CMS to Cut Home Health Medicare Payments by $58 Million in 2015

The Centers for Medicare & Medicaid Services (CMS) proposed changes Tuesday that would reduce Medicare payments to home health agencies by 0.3% in 2015.

The proposed rule for 2015 cuts the Medicare home health prospective payment system (HH PPS) by $58 million, and reflects the effects of the 2.2% home health payment update percentage — a $427 million increase — and rebasing adjustments to the national, standardized 60-day episode payment rate, the national per-visit payment rates, and the non-routine medical supplies (NRS) conversion factor, CMS announced Tuesday.

Based on the most recent data available, CMS estimates that about 3.5 million beneficiaries received home health services from nearly 12,000 home health agencies, costing Medicare approximately $18 billion in 2013.
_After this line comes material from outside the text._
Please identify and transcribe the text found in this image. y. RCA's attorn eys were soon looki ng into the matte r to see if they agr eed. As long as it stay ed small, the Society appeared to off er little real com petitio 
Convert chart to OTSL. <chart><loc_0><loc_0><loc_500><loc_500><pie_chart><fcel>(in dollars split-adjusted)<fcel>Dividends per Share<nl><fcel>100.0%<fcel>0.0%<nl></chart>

The changes, including adjustments to face-to-face encounter requirements, would “foster greater efficiency, flexibility, payment accuracy, and improved quality,” CMS says.
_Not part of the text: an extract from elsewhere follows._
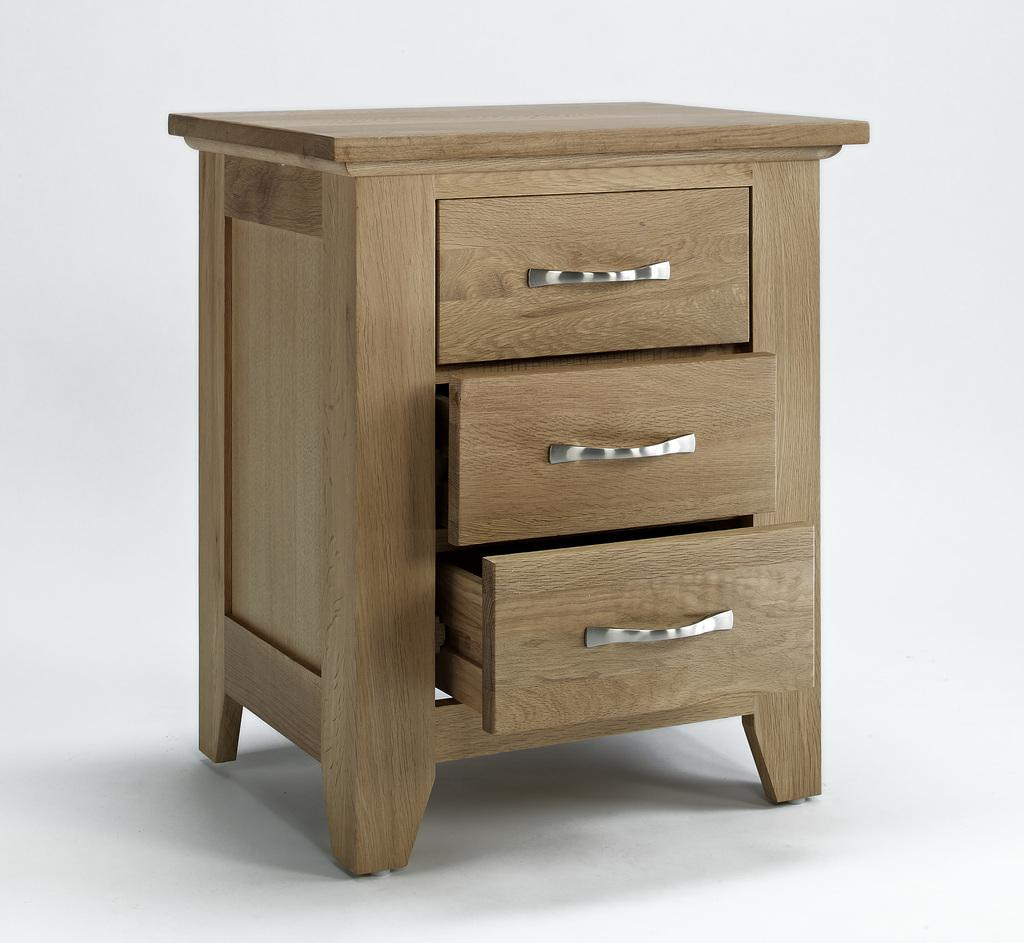What type of furniture is in the center of the image? There is a wooden cupboard in the center of the image. Can you describe the position of the wooden cupboard in the image? The wooden cupboard is in the center of the image. What type of linen can be seen draped over the hill in the image? There is no linen or hill present in the image; it only features a wooden cupboard.

Changes would eliminate the narrative requirement for face-to-face encounters, during which physicians must explain the clinical findings of the encounter to support that the patient is homebound and in need of skilled services.

Many home health care providers argue this requirement leads to more CMS denials. However, physicians will still need to certify that a face-to-face patient encounter occurred and document the date of the encounter as part of the certification of eligibility.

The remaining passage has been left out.